To verify if this is a data link problem, ICMP Ping and ICMP Monitor tests were conducted. The former reported two MAC addresses responding, while the latter reported numerous “destination unreachable,” “redirect,” and “congestion” alerts. This indicates duplicate IP addresses in the network’s data links and issues with data frame routing calculations. Enabling the network testing tool’s automatic network search function revealed redundant route resolution (Proxy) operations, but no duplicate IP addresses were found in this network segment (indicating duplicate IP addresses were in the data access channel).
As the network management team did not have MAC address backup documentation, it was recommended to shut down all local workstations in the old building. This immediately restored the network to normal operation. To identify workstations with the same name as the server, workstations were gradually powered on, revealing that one of the two workstations of the staff responsible for the old building had an IP address identical to the enterprise data server. Further investigation of this workstation uncovered the presence of an unauthorized Proxy running on it, consistent with the network search results.
3. Conclusion
There are three reasons for the issue. The first is duplicate IP addresses, the second is the operation of an unauthorized routing proxy. When business network users request further address resolution analysis, conflicts occur between the staff workstation and the data server, leading to significant disruption in data flow (note that the data frame structure remains normal). This results in user access obstacles, and application software frequently requests reconnection and data retransmission, causing higher traffic and slower business processes. As the conflict primarily occurs within the original information center network, the enterprise data server’s traffic appears normal, and the network management system reports no error data packets.
The third reason is a lack of control over the staff remaining in the old building. Due to “boredom” (as self-described by employees), they desired “unauthorized” Internet access, rapidly becoming “daytime web worms” and disrupting regular business processes. Their actions were not necessarily persistent, which is why the problem persisted for over a month without resolution.
In reality, Internet users in the office network were also somewhat affected, but it went unnoticed due to the lower frequency of daytime user activity.

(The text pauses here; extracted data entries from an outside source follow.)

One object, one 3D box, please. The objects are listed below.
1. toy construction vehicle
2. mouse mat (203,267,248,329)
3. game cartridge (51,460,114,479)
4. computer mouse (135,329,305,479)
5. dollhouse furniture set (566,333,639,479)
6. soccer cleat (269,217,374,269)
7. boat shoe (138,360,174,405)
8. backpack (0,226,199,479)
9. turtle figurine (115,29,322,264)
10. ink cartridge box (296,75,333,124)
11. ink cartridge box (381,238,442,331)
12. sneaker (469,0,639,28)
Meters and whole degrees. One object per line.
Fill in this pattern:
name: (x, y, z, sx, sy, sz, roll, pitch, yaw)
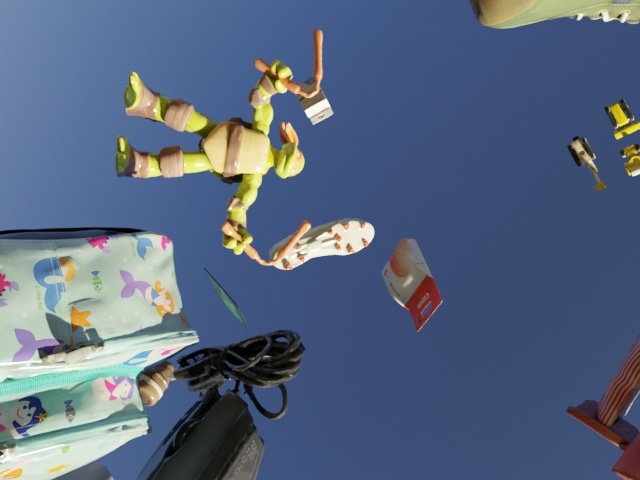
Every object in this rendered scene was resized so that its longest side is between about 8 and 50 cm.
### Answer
toy construction vehicle: (0.384, -0.125, 0.675, 0.086, 0.035, 0.098, -31, -92, 33)
mouse mat: (-0.251, 0.160, 1.358, 0.007, 0.189, 0.152, -39, -112, -17)
game cartridge: (-0.344, 0.219, 0.420, 0.298, 0.198, 0.062, 13, -72, 4)
computer mouse: (-0.116, 0.199, 0.408, 0.189, 0.072, 0.272, -21, -134, 46)
dollhouse furniture set: (0.389, 0.173, 0.585, 0.152, 0.374, 0.201, 35, -77, 38)
soccer cleat: (0.000, 0.000, 0.911, 0.076, 0.196, 0.068, -145, -139, -65)
boat shoe: (-0.399, 0.274, 1.045, 0.258, 0.095, 0.095, 1, -53, 32)
backpack: (-0.226, 0.087, 0.392, 0.225, 0.254, 0.191, -33, -103, 42)
turtle figurine: (-0.105, -0.117, 0.568, 0.087, 0.218, 0.269, -135, -123, -71)
ink cartridge box: (-0.014, -0.272, 0.985, 0.048, 0.028, 0.083, -28, -116, 6)
ink cartridge box: (0.212, 0.108, 1.212, 0.145, 0.045, 0.179, 112, -30, -48)
sneaker: (0.183, -0.133, 0.263, 0.192, 0.064, 0.086, -15, -60, 26)
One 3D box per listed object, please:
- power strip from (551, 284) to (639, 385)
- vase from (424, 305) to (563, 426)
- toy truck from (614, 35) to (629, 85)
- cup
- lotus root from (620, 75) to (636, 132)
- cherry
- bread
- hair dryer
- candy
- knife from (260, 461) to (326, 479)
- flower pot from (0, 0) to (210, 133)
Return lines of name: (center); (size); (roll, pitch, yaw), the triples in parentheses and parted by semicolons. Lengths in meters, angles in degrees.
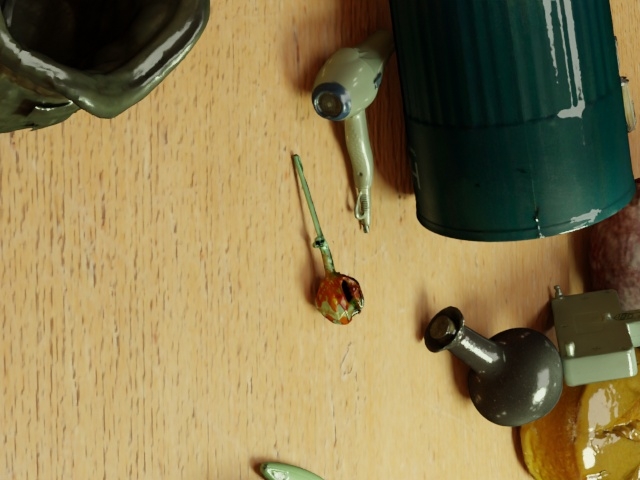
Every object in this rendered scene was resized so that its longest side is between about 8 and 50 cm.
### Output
power strip: (0.361, 0.107, 1.907); (0.216, 0.145, 0.061); (-79, 160, -71)
vase: (0.197, 0.139, 1.794); (0.183, 0.120, 0.120); (34, 62, -32)
toy truck: (0.290, -0.287, 1.855); (0.155, 0.124, 0.268); (-76, 155, -69)
cup: (0.214, -0.189, 1.681); (0.308, 0.242, 0.292); (-40, 126, -50)
lotus root: (0.411, -0.184, 2.138); (0.037, 0.030, 0.083); (-50, 131, -44)
cherry: (0.464, 0.033, 2.066); (0.300, 0.203, 0.230); (53, 56, -28)
bread: (0.364, 0.231, 1.980); (0.269, 0.142, 0.195); (2, 88, -55)
hair dryer: (0.054, -0.132, 1.660); (0.167, 0.067, 0.199); (-62, 145, -40)
candy: (0.000, 0.000, 1.593); (0.055, 0.049, 0.185); (-61, 134, -78)
knife: (0.023, 0.278, 1.628); (0.293, 0.019, 0.043); (32, 63, -49)
flower pot: (-0.222, -0.220, 1.153); (0.301, 0.213, 0.302); (1, 88, -52)
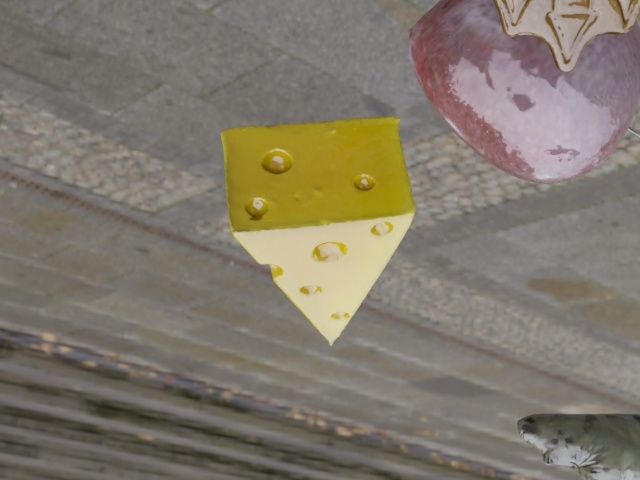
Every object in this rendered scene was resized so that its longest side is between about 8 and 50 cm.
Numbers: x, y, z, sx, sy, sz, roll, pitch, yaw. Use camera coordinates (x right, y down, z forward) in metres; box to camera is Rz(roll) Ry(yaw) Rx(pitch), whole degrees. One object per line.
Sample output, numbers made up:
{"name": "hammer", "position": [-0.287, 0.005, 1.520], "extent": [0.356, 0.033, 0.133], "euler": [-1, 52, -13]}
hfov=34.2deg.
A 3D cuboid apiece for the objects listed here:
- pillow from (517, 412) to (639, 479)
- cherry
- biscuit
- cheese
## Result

4. Diagnostic Recommendations
Most network management vulnerabilities originate from internal staff. Establishing a strict internal management mechanism is crucial. Additionally, it is recommended to include MAC address backups in essential documentation. Furthermore, daily automatic searches of network status will help quickly identify and eliminate unauthorized users.

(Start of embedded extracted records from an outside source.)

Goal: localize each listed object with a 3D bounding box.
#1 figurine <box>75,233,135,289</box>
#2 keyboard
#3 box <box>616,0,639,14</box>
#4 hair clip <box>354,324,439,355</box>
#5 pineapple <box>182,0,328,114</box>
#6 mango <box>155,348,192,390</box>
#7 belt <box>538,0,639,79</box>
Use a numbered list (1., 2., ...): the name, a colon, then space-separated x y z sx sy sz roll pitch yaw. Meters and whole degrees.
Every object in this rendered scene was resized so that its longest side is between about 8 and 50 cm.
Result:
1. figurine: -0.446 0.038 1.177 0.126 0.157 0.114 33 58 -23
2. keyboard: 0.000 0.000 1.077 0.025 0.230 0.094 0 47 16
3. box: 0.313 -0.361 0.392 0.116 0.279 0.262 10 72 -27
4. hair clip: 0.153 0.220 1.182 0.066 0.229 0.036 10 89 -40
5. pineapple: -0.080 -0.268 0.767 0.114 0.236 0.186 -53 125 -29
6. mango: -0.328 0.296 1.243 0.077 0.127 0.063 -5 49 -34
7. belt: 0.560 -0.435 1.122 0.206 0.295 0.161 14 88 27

In a healthy network maintenance plan, regular testing (including daily and cyclical tests) has long been a standard practice. Consistently conducting necessary daily tests and checks will ensure that 99.9% of network problems can be resolved within two days or less.
5. Afterword
A month later, users reported that all equipment had been moved to the new location. They now maintain regular testing and recording of network operations, and the network is working well. The nerve-wracking days have finally come to an end, and everyone can breathe a sigh of relief.